Without further ado, and in no particular order, here are the names that have caught my attention either because I have an interest in them or because of recent action in the stocks.

Viacom (VIA/B): Probably one of my longest term positions seems to have caught the attention of a number of buyers as the stock languished at multi-year lows. More than 14 million shares were purchased in Q4 with Maverick Capital leading the way with 7.2M shares. Two thoughts: First, were these longs just plays on the Viacom – CBS (CBS) spin-off? And if so will these holders have a quick trigger if the value is not unlocked in short order? Second: Why didn't I wait to buy in?

Chesapeake Energy (CHK): Perhaps considered one of the highest quality natural gas names, it has lagged badly the energy party. Insiders have been buying stock left and right for months, while several of the big boys have punted the name, to the collective tune of 4.3M shares. Renaissance Tech Group was the sole buyer, with 1.4M shares. Also noteworthy that in late April, CHK's President Tom Ward entered into a forward sale of 2.5M shares, or 10% of his holdings.

Research In Motion (RIMM): Three gorillas did not feel like waiting around for the NTP settlement and sold more than 15M shares, led by Wellington Group's 11M. But if I had to guess, the NTP lawsuit was probably not the catalyst. Looming competition for push email technology is RIMM's much bigger problem.

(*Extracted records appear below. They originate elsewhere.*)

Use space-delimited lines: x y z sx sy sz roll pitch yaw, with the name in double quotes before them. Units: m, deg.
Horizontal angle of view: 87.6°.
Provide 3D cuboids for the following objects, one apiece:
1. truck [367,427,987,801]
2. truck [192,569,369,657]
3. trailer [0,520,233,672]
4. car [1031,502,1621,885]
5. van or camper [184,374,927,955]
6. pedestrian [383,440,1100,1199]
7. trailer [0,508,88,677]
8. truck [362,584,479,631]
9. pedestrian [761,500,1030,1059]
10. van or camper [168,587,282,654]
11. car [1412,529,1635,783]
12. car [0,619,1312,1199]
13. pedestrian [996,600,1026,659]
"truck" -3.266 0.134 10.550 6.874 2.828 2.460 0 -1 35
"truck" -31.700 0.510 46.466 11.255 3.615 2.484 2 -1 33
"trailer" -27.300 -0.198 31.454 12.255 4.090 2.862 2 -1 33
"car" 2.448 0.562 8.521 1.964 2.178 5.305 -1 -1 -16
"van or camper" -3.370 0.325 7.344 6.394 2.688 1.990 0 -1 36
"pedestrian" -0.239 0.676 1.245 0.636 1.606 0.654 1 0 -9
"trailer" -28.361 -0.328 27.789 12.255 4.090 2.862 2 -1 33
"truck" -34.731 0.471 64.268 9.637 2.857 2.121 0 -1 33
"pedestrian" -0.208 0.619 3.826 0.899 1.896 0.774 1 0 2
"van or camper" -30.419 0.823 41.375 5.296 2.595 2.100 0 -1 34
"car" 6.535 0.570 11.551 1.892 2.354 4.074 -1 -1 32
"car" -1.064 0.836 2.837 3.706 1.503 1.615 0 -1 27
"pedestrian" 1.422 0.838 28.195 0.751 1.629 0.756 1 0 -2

Homies: There were interesting cross-currents in the homies group. Neuberger & Berman jumped on the Toll Bros' (TOL) bandwagon purchasing 6.7M shares. We do not know the entry price, but it is likely that it paid more than $250M. That may seem a lot until one considers that N&B manages almost $73 billion. On the other side of the ledger, Citadel unloaded 2.1M shares, but remains heavily invested in the group with 765,000 shares of MDC Hldgs. (MDC), "top 10" holdings DR Horton (DHI) (6.7M shares) and KB Homes (KBH) (3.8M shares), and 1.7M shares of Centex (CTX). I am very curious to see what Citadel's positions look like at the end of Q1 '06.

Next, but perhaps most interesting, is the activity in the Managed Care names. Of the 14 hedge funds I looked at, six were very active in Aetna (AET). AET was a "Top 10" holding for D.E. Shaw (4.2M shares purchased in Q4), Loomis Sayles (5.5M shares and its largest holding), Renaissance Tech (1.7M shares almost all bought in Q4), and AQR Capital (771,000 shares). In aggregate, these holdings are not that big (AET has 567M shares outstanding), but an additional 33.7% of the float is controlled by just 7 of the largest mutual fund companies. That suggests that the deepest pockets around were all leaning on the wrong side of the boat when AET last disappointed, and might explain the vicious sell-off in the stock. The question now is whether AET's sell-off was overdone.

The same suspects were also busy buying Cigna (CI), UnitedHealth (UNH), and Humana (HUM), though in much more modest sizes.

Lastly, an oddity: Boston Partners bought 3.3M shares of small cap Axcelis Tech. (ACLS) (3.2% of the company). I call it an oddity because the name does not really seem to fit in with the rest of top holdings and ACLS is the kind of small market cap name that might present liquidity issues for a buyer of that size. Is there something they know that we would like to know?